# TM stealing from target



## spaceranger (Nov 11, 2022)

Today a TM got called into the HR office accompanied by two district APs. They confronted the TM with what supposedly was evidence gathered from their internal investigation and claim to have the TM on record stealing but never really got told directly what they saw the TM they just used the usuall self guilt bulshit and tried to comfort the TM with him not being the only one who has ever messed up but the TM stood his ground and demanded a lawyer to speak on his behalf despite the constant effort the APs where trying to get the TM to admit to and never told him or showed him the evidence they had on him but all the post I've read similar to this situation all ended with TMs admitting to theft and signing paperwork and even pay back what they stole on some occasions. Did this TM really get away with what he did for not saying a word without a lawyer present ? They even tries scaring him that the authorities will be called and still demanded a lawyer so they gave up and didn't get no signature from the TM and payed the TM what would be the last paycheck.


----------



## Black Sheep 214 (Nov 11, 2022)

spaceranger said:


> Today a TM got called into the HR office accompanied by two district APs. They confronted the TM with what supposedly was evidence gathered from their internal investigation and claim to have the TM on record stealing but never really got told directly what they saw the TM they just used the usuall self guilt bulshit and tried to comfort the TM with him not being the only one who has ever messed up but the TM stood his ground and demanded a lawyer to speak on his behalf despite the constant effort the APs where trying to get the TM to admit to and never told him or showed him the evidence they had on him but all the post I've read similar to this situation all ended with TMs admitting to theft and signing paperwork and even pay back what they stole on some occasions. Did this TM really get away with what he did for not saying a word without a lawyer present ? They even tries scaring him that the authorities will be called and still demanded a lawyer so they gave up and didn't get no signature from the TM and payed the TM what would be the last paycheck.

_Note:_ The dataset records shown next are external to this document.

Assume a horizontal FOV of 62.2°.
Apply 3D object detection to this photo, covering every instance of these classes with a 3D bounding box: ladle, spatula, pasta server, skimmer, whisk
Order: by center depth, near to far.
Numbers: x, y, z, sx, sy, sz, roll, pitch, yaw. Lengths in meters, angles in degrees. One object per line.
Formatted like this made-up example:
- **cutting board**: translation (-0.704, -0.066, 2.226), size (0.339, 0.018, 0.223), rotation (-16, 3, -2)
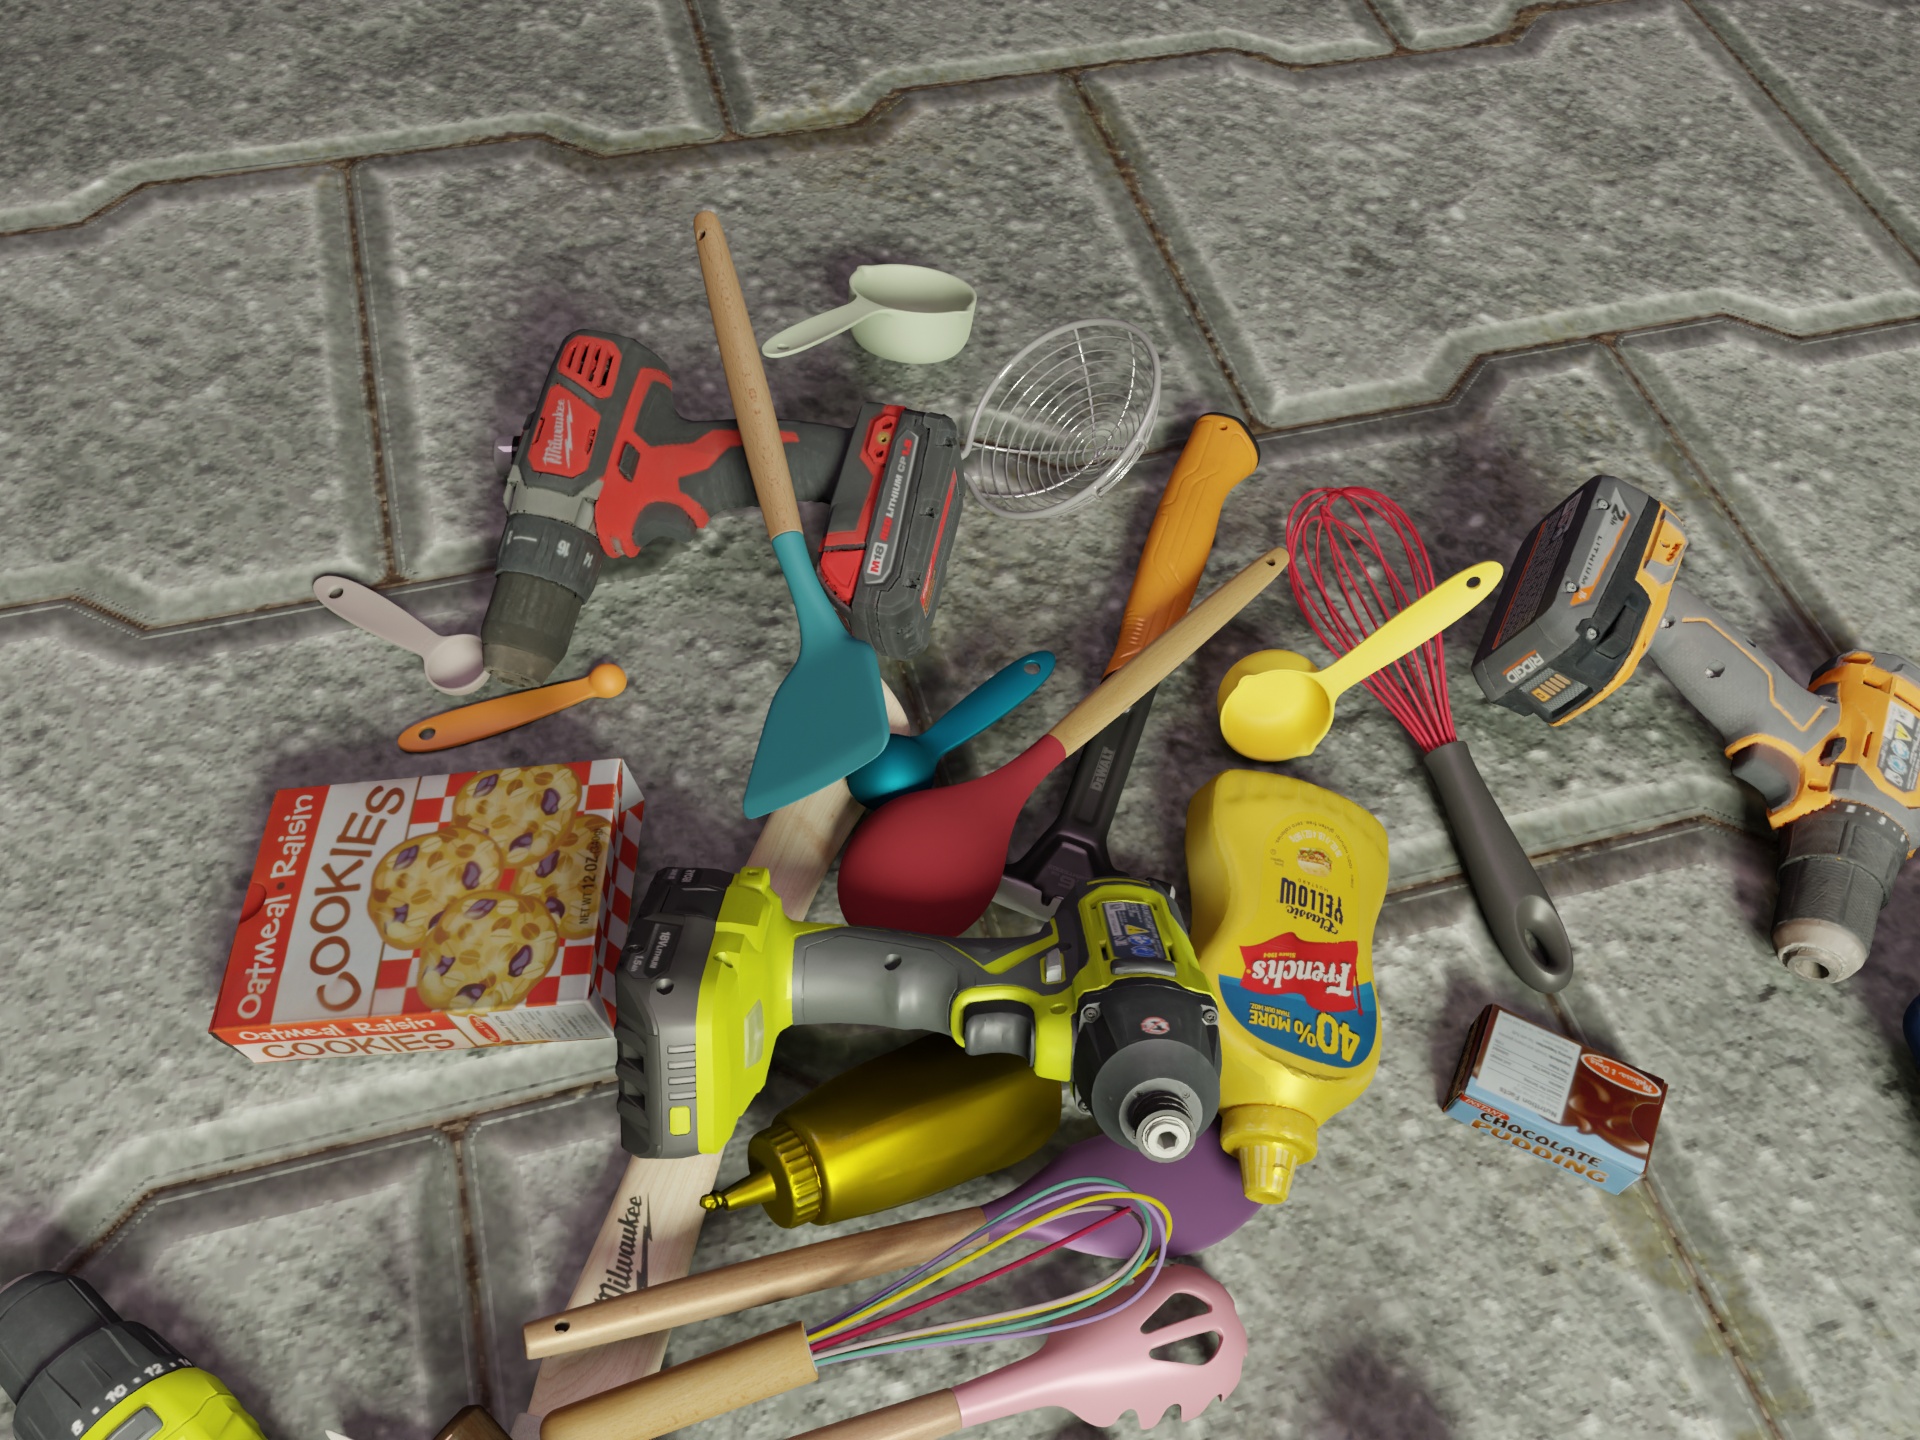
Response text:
- **whisk**: translation (-0.036, 0.224, 0.593), size (0.245, 0.047, 0.051), rotation (-17, 60, -7)
- **pasta server**: translation (-0.029, 0.268, 0.596), size (0.316, 0.040, 0.060), rotation (-11, 62, -18)
- **spatula**: translation (-0.014, 0.211, 0.640), size (0.315, 0.018, 0.060), rotation (-7, 53, -22)
- **spatula**: translation (-0.092, -0.111, 0.743), size (0.082, 0.044, 0.318), rotation (-26, 69, 28)
- **ladle**: translation (0.063, 0.000, 0.771), size (0.069, 0.031, 0.315), rotation (44, 61, 13)
- **whisk**: translation (0.238, -0.001, 0.807), size (0.073, 0.073, 0.296), rotation (-12, 64, -12)
- **skimmer**: translation (-0.075, -0.165, 0.872), size (0.363, 0.090, 0.127), rotation (0, 59, -4)

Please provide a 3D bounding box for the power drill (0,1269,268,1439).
- **power drill**: translation (-0.342, 0.322, 0.541), size (0.191, 0.080, 0.228), rotation (36, 59, 18)

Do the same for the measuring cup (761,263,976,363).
- **measuring cup**: translation (-0.057, -0.221, 0.917), size (0.083, 0.038, 0.167), rotation (29, 42, 25)

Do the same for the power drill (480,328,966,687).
- **power drill**: translation (-0.124, -0.091, 0.801), size (0.227, 0.080, 0.188), rotation (12, 76, 7)

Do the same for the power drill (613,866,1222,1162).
- **power drill**: translation (-0.014, 0.114, 0.617), size (0.223, 0.080, 0.171), rotation (1, 17, -1)

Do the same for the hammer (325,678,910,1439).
- **hammer**: translation (-0.117, 0.142, 0.699), size (0.146, 0.038, 0.411), rotation (14, 56, 7)

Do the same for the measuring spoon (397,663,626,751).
- **measuring spoon**: translation (-0.226, -0.007, 0.804), size (0.117, 0.011, 0.021), rotation (-18, 59, -15)

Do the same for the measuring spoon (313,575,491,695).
- **measuring spoon**: translation (-0.290, -0.045, 0.827), size (0.124, 0.018, 0.034), rotation (27, 65, 22)

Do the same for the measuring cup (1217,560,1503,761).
- **measuring cup**: translation (0.196, -0.037, 0.789), size (0.156, 0.062, 0.029), rotation (-35, 29, 19)

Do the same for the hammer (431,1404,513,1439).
- **hammer**: translation (-0.057, 0.354, 0.517), size (0.331, 0.031, 0.130), rotation (42, 64, 5)

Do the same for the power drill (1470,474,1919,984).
- **power drill**: translation (0.368, 0.005, 0.779), size (0.226, 0.084, 0.185), rotation (33, 60, -2)

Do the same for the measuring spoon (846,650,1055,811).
- **measuring spoon**: translation (-0.001, -0.002, 0.767), size (0.128, 0.021, 0.042), rotation (-37, 64, -23)

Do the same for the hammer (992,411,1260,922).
- **hammer**: translation (0.089, -0.043, 0.836), size (0.127, 0.034, 0.337), rotation (19, 57, 7)

Just because the TM didn’t get perp walked out doesn’t necessarily mean they got away with anything. If keeping their mouths shut meant that people would escape their actions with no consequences the courts and jails wouldn’t be full and a lot of lawyers would be unemployed. If that TM actually has a lawyer they might consider calling them now, and if not, they might consider looking into hiring one later. Time will tell.


----------



## spaceranger (Nov 11, 2022)

T


----------



## 60SecondsRemaining (Nov 11, 2022)

spaceranger said:


> Today a TM got called into the HR office accompanied by two district APs. They confronted the TM with what supposedly was evidence gathered from their internal investigation and claim to have the TM on record stealing but never really got told directly what they saw the TM they just used the usuall self guilt bulshit and tried to comfort the TM with him not being the only one who has ever messed up but the TM stood his ground and demanded a lawyer to speak on his behalf despite the constant effort the APs where trying to get the TM to admit to and never told him or showed him the evidence they had on him but all the post I've read similar to this situation all ended with TMs admitting to theft and signing paperwork and even pay back what they stole on some occasions. Did this TM really get away with what he did for not saying a word without a lawyer present ? They even tries scaring him that the authorities will be called and still demanded a lawyer so they gave up and didn't get no signature from the TM and payed the TM what would be the last paycheck.


This "team member" likely just didn't steal enough to make it worth the effort involved in running them down.

AP clearly has enough evidence to feel confident in confronting him, but not enough to get the cops involved.  They rolled the dice and pulled him in, he called their bluff.  Most people don't.  They cut their losses and sent him on his way.  

Did he get away with it?  Yes, but given their willingness to just send him on his way it probably didn't amount to much.


----------



## IWishIKnew (Nov 11, 2022)

AP isn't law enforcement. You don't have a right to a lawyer when being confronted about stealing by your employer.

They're giving you a chance to come clean, pay it back, take your lumps and move on before they bring the cops into it. Keep in mind that it doesn't cost Target much, aside from aggro & AP time, to pursue charges against you. They may still choose to do so, so keep that in mind, and avoid that location in the future.


----------



## Captain Orca (Nov 11, 2022)

Asking for a friend are 'ya?  Use punctuation, no run on sentences please.


----------



## Zxy123456 (Nov 11, 2022)

Let’s us know if the cops come knocking on your door.


----------



## Captain Orca (Nov 12, 2022)

_When they come a 'knockin.  To be young and foolish again, NOT._


----------



## can't touch this (Nov 12, 2022)

I have a secret but incredibly erotic fantasy of being wrongfully terminated/tackled/stomped upon by LP/AP while innocently shopping/working somewhere, anywhere, and settling for not less than $420 million…yes plz, I’ll be your non-productive incident any day big boi


----------



## NKG (Nov 12, 2022)

Sounds like a friendship gone bad


----------